The rationale behind this decision is grounded in the principle that a higher number of validators strengthens a decentralized network’s resilience against attacks. Validators on the Fantom network play a crucial role by bundling transactions and sharing them with other validators, with finality achieved once a consensus is reached by at least two-thirds of them. The foundation asserts that this increase in validators will expedite transaction validation without compromising network speed or security, maintaining the network’s 1-2 second time to finality.

In addition to enhancing security, this reduction in the staking requirement democratizes access to validator status, allowing more participants to contribute to the network’s operation. Despite this change, the foundation reassures that the network’s performance will not be impacted negatively, as the security and efficiency of transaction validation remain proportional to the amount staked by validators, rather than the sheer number of validators. Therefore, a larger validator with a higher stake holds equivalent power to several smaller validators with lesser stakes.
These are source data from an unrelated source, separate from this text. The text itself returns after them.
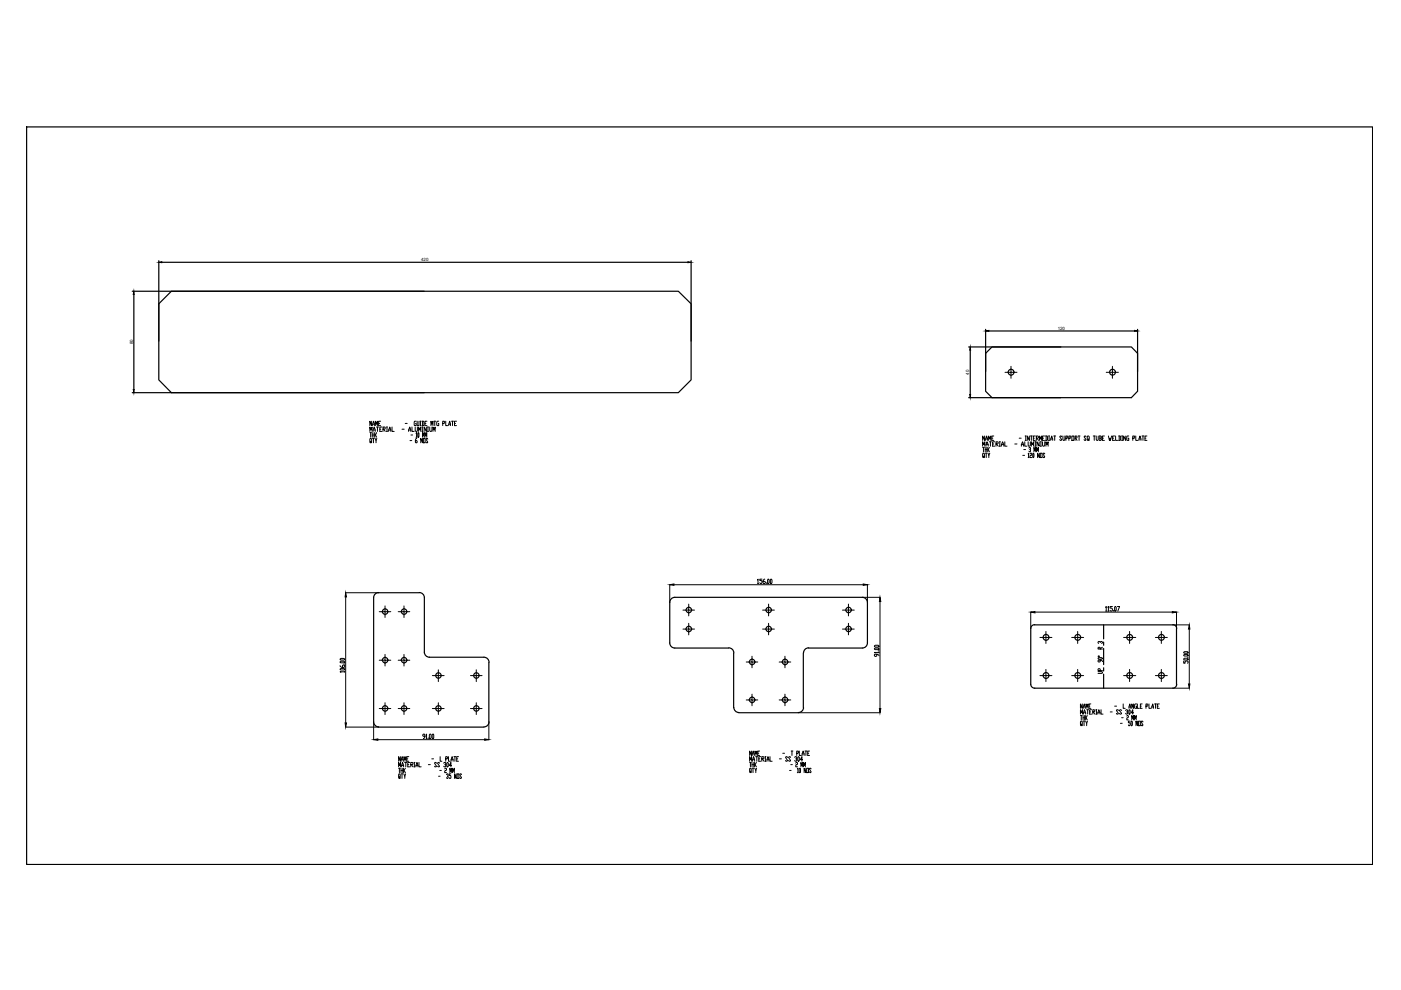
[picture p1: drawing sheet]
<svg xmlns="http://www.w3.org/2000/svg" width="297mm" height="210mm" viewBox="0 0 297 210" stroke-linecap="round" stroke-linejoin="round" font-family="sans-serif">
<defs><g id="words">
<g font-size="3.5">
<text x="227.9" y="153.8">THK - 2 MM</text>
<text x="83.3" y="166.2">QTY - 35 NOS</text>
<text x="157.7" y="163.7">THK - 2 MM</text>
</g>
<g font-size=".9">
<text x="89.3" y="55.4">420</text>
<text x="224.3" y="70">120</text>
<text x="28.2" y="73" transform="rotate(-90 28.2 73)">80</text>
<text x="205.5" y="79.4" transform="rotate(-90 205.5 79.4)">40</text>
</g>
</g></defs>
<!-- layer: 0 -->
<g fill="none" stroke="#000" stroke-width=".21">
<path d="M213.1 78.9h1.2v1.3M214.3 77.7v1.2h1.3M234.5 78.9h1.4v1.3M235.9 77.7v1.2h1.2M78.4 91.5v-1l.2 .7 .3-.7v1M78.4 91.7h.4M78.6 93.6l.1 .2-.2 .1v-1l.3 .2-.1 .7 .1 .1M78.6 91.7v1M78.8 89.3v.9l-.4-.9v.9M78.9 91.7v1M78.9 92.2h.4M79 92.9h.3"/>
<path d="M79 90.2l.2-.9 .2 .9M79 89.9h.4M79.1 91.5l.2-1 .3 1M79.1 91.2h.5M79.2 92.9v1M79.3 91.7v1M79.5 91.7v1M79.5 92.9l.2 1M79.6 92.2l.3 .5M79.6 90.2v-.9l.3 .6 .2-.6v.9M79.8 90.5h.5M79.9 91.7l-.4 .5"/>
<path d="M79.9 92.9l-.2 .5M80 90.5v1M80.3 89.8h.2M80.5 91h.2M80.7 89.3h-.4v.9h.4M81 90.5h-.5v1h.5M81.2 91h.4v-.5h-.4v1M81.3 91l.4 .5M81.9 90.5h.2M81.9 91.5h.2M82.1 90.5v1M82.4 91.5l.2-1 .3 1"/>
<path d="M82.4 91.2h.5M83.1 90.5v1h.5M85.2 91h.5M85.9 89.8h.4M86.6 91.5l.3-1 .2 1M86.6 91.2h.5M86.9 93.4h.4M87.1 92.2h.4M87.3 90.5v1h.5M88 90.5l.2 1h.2l.1-.2v-.8M88.2 91.9l.1-.2v1M88.2 92.7h.2"/>
<path d="M88.2 89.3h-.3l-.1 .2 .1 .7h.3v-.4h-.1M88.4 92.9l-.3 .4v.5l.3 .1v-.5h-.3M88.4 89.3l.1 .9 .3-.1v-.8M88.7 91.7l.1 .2-.1 .8-.1-.2zM88.7 91.5v-1l.3 .7 .2-.7v1M89 90.2h.3M89 89.3h.3M89.2 89.3v.9M89.5 89.3h.3l.1 .2v.6l-.4 .1M89.5 90.5h.2M89.5 91.5h.2M89.5 90.5v1"/>
<path d="M89.6 92.7v-1l.2 .7 .1-.7v1M89.6 92.9v1l-.4-1v1M89.6 89.3v.9M89.8 92.9h.3v1h-.3zM90.1 92.7v-1l.2 .7 .2-.7v1M90.1 89.8h.2M90.4 90.5v1l-.5-1v1M90.5 89.3h-.4v.9h.4M90.6 90.5h.3M90.6 91.5h.3M90.7 93.1l-.1-.2-.3 .2 .4 .7-.1 .1-.3-.1M90.7 90.5v1"/>
<path d="M91.1 90.5l.1 1 .4-.2v-.8M91.4 90.2v-.9l.2 .6 .2-.6v.9M91.8 91.5v-1l.2 .7 .3-.7v1M92 89.3h.4M92.2 89.3v.9M93 89.3h-.3l-.1 .2 .1 .7h.3l-.1-.4M93.9 89.8h.3l.1-.2-.1-.3h-.3v.9M94.5 89.3v.9h.4M95.1 90.2l.2-.9 .2 .9M95.1 89.9h.4M95.7 89.3h.5M95.9 89.3v.9"/>
<path d="M96.4 89.8h.2M96.8 89.3h-.4v.9h.4M208.3 94.6v-.9l.3 .6 .2-.6v.9M208.3 94.9h.4M208.5 96.7l.1 .1-.2 .2-.1-.7 .3-.2 .1 .9M208.5 94.9v.9M208.8 92.4v1l-.5-1v1M208.9 94.9v.9M208.9 95.3h.3M208.9 96.1h.4M209 93.4l.2-1 .2 1M209 93.1h.4"/>
<path d="M209.1 94.6l.2-.9 .2 .9M209.1 94.3h.4M209.1 96.1v.9M209.2 94.9v.9M209.4 94.9v.9M209.5 96.1l.1 .9M209.5 95.3l.3 .5M209.6 93.4v-1l.3 .7 .2-.7v1M209.7 93.7h.5M209.8 94.9l-.4 .4M209.9 96.1l-.3 .4M210 93.7v.9"/>
<path d="M210.3 92.9h.2M210.5 94.1h.2M210.7 92.4h-.4v1h.4M210.9 93.7h-.4v.9h.4M211.2 94.1h.3l.1-.3-.4-.1v.9M211.3 94.1l.3 .5M211.9 93.7h.2M211.9 94.6h.2M212 93.7v.9M212.3 94.6l.3-.9 .2 .9M212.3 94.3h.5M213 93.7v.9h.5"/>
<path d="M215.2 94.1h.4M216.1 92.9h.4M216.5 94.6l.3-.9 .2 .9M216.5 94.3h.5M216.8 96.5h.4M217.1 95.3h.3M217.3 93.7v.9h.4M217.4 93.4h.2M217.4 92.4h.2M217.5 92.4v1M218 93.7l.1 .9 .4-.2v-.7M218 96.3l.1-.2v.9"/>
<path d="M218 97h.2M218.2 95l.2-.1 .1 .3-.2 .1M218.2 92.4v1l-.4-1v1M218.4 96.3l.3-.2 .1 .3-.3 .1-.1 .5h.4M218.4 95.3v.5l-.2-.1M218.5 92.4h.4M218.7 94.6v-.9l.2 .6 .2-.6v.9M218.7 92.4v1M219 96.1l.2 .2-.1 .7-.1-.2zM219.1 92.9h.2M219.2 95.8v-.9l.2 .6 .2-.6v.9M219.4 93.7h.2"/>
<path d="M219.4 94.6h.2M219.5 92.4h-.4v1h.4M219.5 93.7v.9M219.7 92.9h.4l.1-.2-.1-.3h-.4v1M219.8 95.8v-.9l.2 .6 .1-.6v.9M219.9 92.9l.3 .5M220.3 93.7v.9l-.4-.9v.9M220.4 96.1v.9l-.4-.9v.9M220.4 93.4v-1l.2 .7 .2-.7v1M220.6 96.1h.4v.9h-.4zM220.6 93.7h.2M220.6 94.6h.2"/>
<path d="M220.7 93.7v.9M221 93.7l.2 .9 .3-.2v-.7M221 92.9h.2M221.5 92.4h-.5v1h.5M221.5 96.3l-.1-.2-.3 .2 .4 .5-.1 .2-.3-.2M221.7 92.4h.3l.1 .2-.1 .8h-.3M221.8 94.6v-.9l.2 .6 .2-.6v.9M221.8 92.4v1M222.3 93.4h.2M222.3 92.4h.2M222.4 92.4v1M222.8 93.4l.2-1 .2 1"/>
<path d="M222.8 93.1h.4M223.4 92.4h.4M223.6 92.4v1M225.1 92.6l-.1-.2-.3 .2 .4 .6-.1 .2-.3-.2M225.4 92.4v1l.4-.2v-.8M226 92.9h.3l.1-.2-.1-.3h-.3v1M226.6 92.9h.4v-.5h-.4v1M227.3 92.4h.4v1h-.4zM227.9 92.9h.3l.2-.2-.2-.3h-.3v1M228 92.9l.4 .5M228.6 92.4h.4M228.8 92.4v1"/>
<path d="M230.3 92.6l-.1-.2-.4 .2 .5 .6-.1 .2-.4-.2M230.7 93.1l.1 .1-.2 .2v-1l.3 .2-.1 .6 .1 .2M231.8 92.4h.4M232 92.4v1M232.4 92.4l.2 1 .2-.2v-.8M233.1 92.4h.3l.1 .2-.1 .3M233.2 92.9h.2l.1 .3-.1 .2h-.3M233.2 92.4v1M233.7 92.9h.2M234.2 92.4h-.5v1h.5M235 92.4l.2 1 .1-.5 .1 .5 .3-1M235.9 92.9h.2"/>
<path d="M236.3 92.4h-.4v1h.4M236.5 92.4v1h.5M237.2 92.4h.3l.1 .2-.1 .8h-.3M237.3 92.4v1M237.8 93.4h.2M237.8 92.4h.2M237.9 92.4v1M238.7 92.4v1l-.5-1v1M239.3 92.4h-.3l-.1 .2 .1 .8h.3v-.5h-.1M240.2 92.9h.3v-.5h-.3v1M240.8 92.4v1h.5M241.5 93.4l.2-1 .2 1"/>
<path d="M241.5 93.1h.4M242.1 92.4h.4M242.3 92.4v1M242.8 92.9h.2M243.2 92.4h-.4v1h.4M72.1 139.7l.8-.1 .2 .3h-.8zM73.3 125.7h7M73.3 126.6v26.7M81.6 138.8v1.2h-1.2M81.6 128.5v1.2h-1.2M82.9 140h-1.3v1.2M82.9 129.7h-1.3v1.2"/>
<path d="M85.7 138.8v1.2h-1.3M85.7 128.5v1.2h-1.3M86.9 140h-1.2v1.2M86.9 129.7h-1.2v1.2M142 124v3.7M142.9 124h40.1M146 132.2v1.2h-1.2M146 128.1v1.3h-1.2M147.2 133.4h-1.2v1.2M147.2 129.4h-1.2v1.2M159.4 139.1v1.3h-1.2M160.6 123l.1-.2v.9"/>
<path d="M160.6 123.7h.2M161.6 122.8h-.5v.3h.3l.2 .2-.2 .4-.3-.1M162.2 122.8l-.4 .3v.5l.4 .1 .1-.1-.1-.3h-.4M162.5 123.6v.1M162.8 122.8l.3 .2-.1 .7-.3-.1zM163 132.2v1.2h-1.3M163 128.1v1.3h-1.3M163.4 122.8l.3 .2-.2 .7-.2-.1zM164.2 133.4h-1.2v1.2M164.2 129.4h-1.2v1.2M166.4 139.1v1.3h-1.2M179.9 132.2v1.2h-1.3"/>
<path d="M179.9 128.1v1.3h-1.3M181.1 133.4h-1.2v1.2M181.1 129.4h-1.2v1.2M182.9 126.6h3.7M183.9 124v3.7M185.4 137.5l.8-.1 .2 .3h-.8zM185.4 136.9l.8-.1 .2 .3-.8 .1zM185.9 138.7v.4l-.2 .1-.3-.1v-.3l.2-.1h.4l.4 .4M186.2 138h.2M186.4 138.3h-1l.2 .2M186.4 138.2v.3M186.6 127.5v22.7"/>
<path d="M218.5 129.8v3.5M219.4 129.8h29.2M221.8 133.9v1.3h-1.3M223 135.2h-1.2v1.2M228.5 133.9v1.3h-1.3M229.8 135.2h-1.3v1.2M232.8 139.6l.8-.2 .1 .2-.8 .2zM232.8 139.1h.3l-.2 .2zM233.3 139.9v.4h-.5l.1-.4h.5l.3 .4M233.3 137.6v-.3h-.5v.3h.9M233.3 136.2l-.4-.2-.1 .1 .1 .3M233.3 136.1l.1-.1 .3 .1-.1 .3"/>
<path d="M233.7 137.2l-.4 .3M234.4 128.8l.1-.2v1M234.4 129.6h.3M234.9 128.8l.1-.2v1M234.9 129.6h.2M235.9 128.6h-.6v.3h.4l.2 .2-.2 .5-.4-.2M236.1 129.4v.2M236.4 128.6l.3 .2-.2 .8-.2-.2zM236.9 128.6h.5l-.4 1M239.5 133.9v1.3h-1.3M240.8 135.2h-1.3v1.2M246.2 133.9v1.3h-1.2"/>
<path d="M247.5 135.2h-1.3v1.2M248.7 132.5h3.5M249.4 129.8v3.5M251 139.7l.8-.1 .1 .2-.8 .1zM251 138.9l.8-.1 .1 .2-.8 .1zM251 138.3l.8-.1 .1 .2-.8 .1zM251.8 139.3h.1M252.2 133.4v11.6M72.1 141.8l.8-.1 .2 .3-.8 .1zM72.1 141.1l.3 .4h.5l.2-.4-.4-.1-.1 .5M72.1 140.3l.8-.1 .2 .2-.8 .1zM72.9 140.8h.2"/>
<path d="M73.1 142.4h-1l.2 .1M73.1 142.3v.2M73.3 154.2h7M79.2 153.1v3.7M80.1 156.8h22.7M81.6 149v1.2h-1.2M82.9 150.2h-1.3v1.3M85.7 149v1.2h-1.3M86.9 150.2h-1.2v1.3M90.1 156.1l-.5-.1 .2-.4 .3 .2v.5l-.3 .3M90.4 155.8v-.2v1M90.4 156.6h.2"/>
<path d="M90.8 156.4v.2M91.2 155.6l.2 .2-.1 .8-.3-.2zM91.8 155.6l.2 .2-.1 .8-.3-.2zM92.9 149v1.2h-1.2M92.9 142v1.2h-1.2M94.2 150.2h-1.3v1.3M94.2 143.2h-1.3v1.3M101 142v1.2h-1.2M101 149v1.2h-1.2M102.2 143.2h-1.2v1.3M102.2 150.2h-1.2v1.3M103.6 153.1v3.7"/>
<path d="M159.3 159.2v1l-.4-1v1M159.4 147.2v1.2h-1.2M160.7 148.4h-1.3v1.2M160.7 140.4h-1.3v1.2M161.1 159.2h-.4v1M166.4 147.2v1.2h-1.2M167.7 148.4h-1.3v1.2M167.7 140.4h-1.3v1.2M167.7 159.2h.4M167.9 159.2v1M168.9 159.7h.3v-.5h-.3v1M169.3 151.1h17.3"/>
<path d="M169.5 159.2v1h.4M170.7 159.2h.4M170.9 159.2v1M171.6 159.2h-.3v1M221.8 141.9v1.3h-1.3M223 143.2h-1.2v1.3M228.5 141.9v1.3h-1.3M229.5 149.3v.9l-.4-.9v.9M229.7 150.2l.2-.9 .2 .9M229.8 143.2h-1.3v1.3M230.3 150.2v-.9l.2 .6 .2-.6v.9M230.9 149.7h.2"/>
<path d="M231.3 149.3h-.4v.9M232.8 142.4l.9 .1-.1 .3h-.8M233.3 142.2v-.3l-.2-.1-.3 .1v.3h.9M236.3 149.7h.4M238.1 149.3v.9h.5M239.4 150.2l.1-.9 .2 .9M239.5 141.9v1.3h-1.3M240.3 149.3v.9l-.3-.9v.9M240.8 143.2h-1.3v1.3M241 149.3h-.3l-.1 .1 .1 .8h.3v-.5h-.2M241.1 149.3v.9h.5M241.8 149.7h.2"/>
<path d="M242.2 149.3h-.4v.9M243 149.7l.4-.1-.1-.3h-.3v.9M243.6 149.3v.9h.4M244.2 150.2l.2-.9 .2 .9M244.2 149.9h.4M244.8 149.3h.4M245 149.3v.9M245.4 149.7h.2M245.8 149.3h-.4v.9h.4M246.2 141.9v1.3h-1.2M247.5 143.2h-1.3v1.3M248.7 145.9h3.5"/>
<path d="M251 140.2v.4h.3v-.3l.1-.1 .5 .1-.1 .3M84.5 162.6v-.9l.2 .6 .2-.6v.9M84.9 160.4v1l-.4-1v1M85.1 161.4l.2-1 .2 1M85.1 161.1h.4M85.1 162.6l.3-.9 .2 .9M85.7 161.4v-1l.2 .7 .2-.7v1M85.8 161.7h.4M86 161.7v.9M86.2 160.9h.3M86.7 160.4h-.5v1h.5M86.9 161.7h-.4v.9"/>
<path d="M87.1 162.1h.3l.2-.1-.2-.3h-.3v.9M87.8 161.7h.2M87.9 161.7v.9M88.2 162.6l.2-.9 .2 .9M88.8 161.7v.9h.5M91.5 160.9h.4M92.6 161.8l-.4-.1-.1 .1 .5 .7-.2 .1-.3-.1M93.2 161.8l-.1-.1-.3 .1 .4 .7-.1 .1-.3-.1M93.3 160.4v1h.4M94.1 161.8l.1-.1h.2l.1 .3-.2 .1M94.5 160.9l.4-.1-.1-.4h-.3v1M94.8 161.7l.3 .1-.2 .8-.2-.1z"/>
<path d="M95.1 160.4v1h.4M95.6 161.4l.3-1 .2 1M95.6 161.1h.5M95.7 162.3h-.4l.3-.6v.9M96.2 160.4h.5M96.4 160.4v1M96.8 160.9h.2M97.2 160.4h-.4v1h.4M159.5 160.2l.2-1 .2 1M160.1 160.2v-1l.2 .6 .2-.6v1M170.1 160.2l.2-1 .2 1"/>
</g>
<g fill="none" stroke="#000" stroke-width=".25">
<path d="M5.6 26.9h285.4v156.4h-285.4zM33.7 55.3v17M34.3 55.6h111.6M146.5 55.3v17M28 61.8h61.9M28.4 62.4v20.2M36.3 61.8h107.5l2.7 2.6v16.1l-2.7 2.8h-107.5l-2.6-2.8v-16.1zM205.4 73.6h19.5M205.7 74.2v9.4M209 69.8v9M209.6 70.2h31M241.2 69.8v9"/>
<path d="M28 83.3h61.9M205.4 84.3h34.5l1.3-1.3v-8.1l-1.3-1.3h-29.6l-1.3 1.3v8.1l1.3 1.3M80.3 125.7h8.6M80.3 125.6a1.08 1.08 0 0 0-1.1 1.1v26.4M88.9 125.6a1.08 1.08 0 0 1 1.1 1.1v11.6a1.08 1.08 0 0 0 1.1 1M91 139.3h11.6M102.6 139.3a1.08 1.08 0 0 1 1.1 1.1M154.5 137.4h-11.4a1.08 1.08 0 0 1-1.1-1.1v-8.6a1.08 1.08 0 0 1 1.1-1.1h39.7a1.08 1.08 0 0 1 1.1 1.1v8.6a1.08 1.08 0 0 1-1.1 1.1h-11.4M154.5 137.4a1.02 1.02 0 0 1 1 1.1l.1 11.5a1.08 1.08 0 0 0 1.1 1.1M170.3 138.5v11.5M171.4 137.4a1.08 1.08 0 0 0-1 1M218.5 133.3v11.8"/>
<path d="M219.3 132.5h29.3M219.4 132.4a.83 .83 0 0 0-.9 .9M234 132.5v3M234 136.1v.7M234 137.5v3.4M248.7 132.4a.83 .83 0 0 1 .8 .9M249.4 133.3v11.8M79.2 153a1.08 1.08 0 0 0 1.1 1.1l22.3 .1M103.6 140.4v12.7M103.7 153a1.08 1.08 0 0 1-1.1 1.1M156.6 151.1h12.7M170.4 150a1.08 1.08 0 0 1-1.1 1.1"/>
<path d="M218.5 145.1a.83 .83 0 0 0 .9 .8M234 141.6v.7M234 142.9v3M249.5 145.1a.83 .83 0 0 1-.8 .8h-29.4"/>
<circle cx="214.4" cy="78.9" r=".61"/>
<circle cx="235.9" cy="78.9" r=".61"/>
<circle cx="81.7" cy="140" r=".57"/>
<circle cx="81.7" cy="129.7" r=".57"/>
<circle cx="85.7" cy="140" r=".57"/>
<circle cx="85.7" cy="129.7" r=".57"/>
<circle cx="146" cy="133.4" r=".57"/>
<circle cx="146" cy="129.3" r=".57"/>
<circle cx="163" cy="129.3" r=".57"/>
<circle cx="163" cy="133.4" r=".57"/>
<circle cx="179.9" cy="129.3" r=".57"/>
<circle cx="179.9" cy="133.4" r=".57"/>
<circle cx="221.8" cy="135.1" r=".61"/>
<circle cx="228.5" cy="135.1" r=".61"/>
<circle cx="239.5" cy="135.1" r=".61"/>
<circle cx="246.2" cy="135.1" r=".61"/>
<circle cx="81.7" cy="150.2" r=".57"/>
<circle cx="85.7" cy="150.2" r=".57"/>
<circle cx="93" cy="150.2" r=".57"/>
<circle cx="93" cy="143.2" r=".57"/>
<circle cx="101" cy="150.2" r=".57"/>
<circle cx="101" cy="143.2" r=".57"/>
<circle cx="159.5" cy="148.4" r=".57"/>
<circle cx="159.5" cy="140.3" r=".57"/>
<circle cx="166.4" cy="140.3" r=".57"/>
<circle cx="166.4" cy="148.4" r=".57"/>
<circle cx="221.8" cy="143.2" r=".61"/>
<circle cx="228.5" cy="143.2" r=".61"/>
<circle cx="239.5" cy="143.2" r=".61"/>
<circle cx="246.2" cy="143.2" r=".61"/>
</g>
<g fill="#000" stroke="#000" stroke-width=".21">
<path d="M33.7 55.6l.6-.1v.2zM145.9 55.5l.6 .1-.6 .1zM28.4 61.8l.1 .6h-.2zM205.7 73.6l.1 .6h-.2zM209 70.2l.6-.2v.3zM240.6 70l.6 .2-.6 .1zM28.3 82.6h.2l-.1 .7zM205.6 83.6h.2l-.1 .7zM73.3 125.7l.2 .9h-.3zM142 124l.9-.2v.3zM183 123.8l.9 .2-.9 .1zM186.6 126.6l.1 .9h-.2z"/>
<path d="M218.5 129.8l.9-.1v.2zM248.6 129.7l.8 .1-.8 .1zM252.2 132.5l.1 .9h-.3zM73.2 153.3h.3l-.2 .9zM79.2 156.8l.9-.1v.3zM102.8 156.7l.8 .1-.8 .2zM186.5 150.2h.2l-.1 .9zM252 145h.3l-.1 .9z"/>
</g>
<use href="#words"/>
</svg>

This initiative by the Fantom Foundation is not the first of its kind. The discussion around lowering the minimum FTM requirement for running a node began as early as February 2022. As of the latest data, Fantom’s network comprises 58 validators, a figure modest compared to larger networks like Ethereum, which boasts over 1.1 million validators.

Despite the positive implications for network security and decentralization, the recent changes have not significantly impacted FTM’s market performance. As of this writing, FTM’s price has seen a decline of 1.4% on the day, trading at $0.389. This decline is part of a broader trend, with FTM prices down 89% from their October 2021 peak.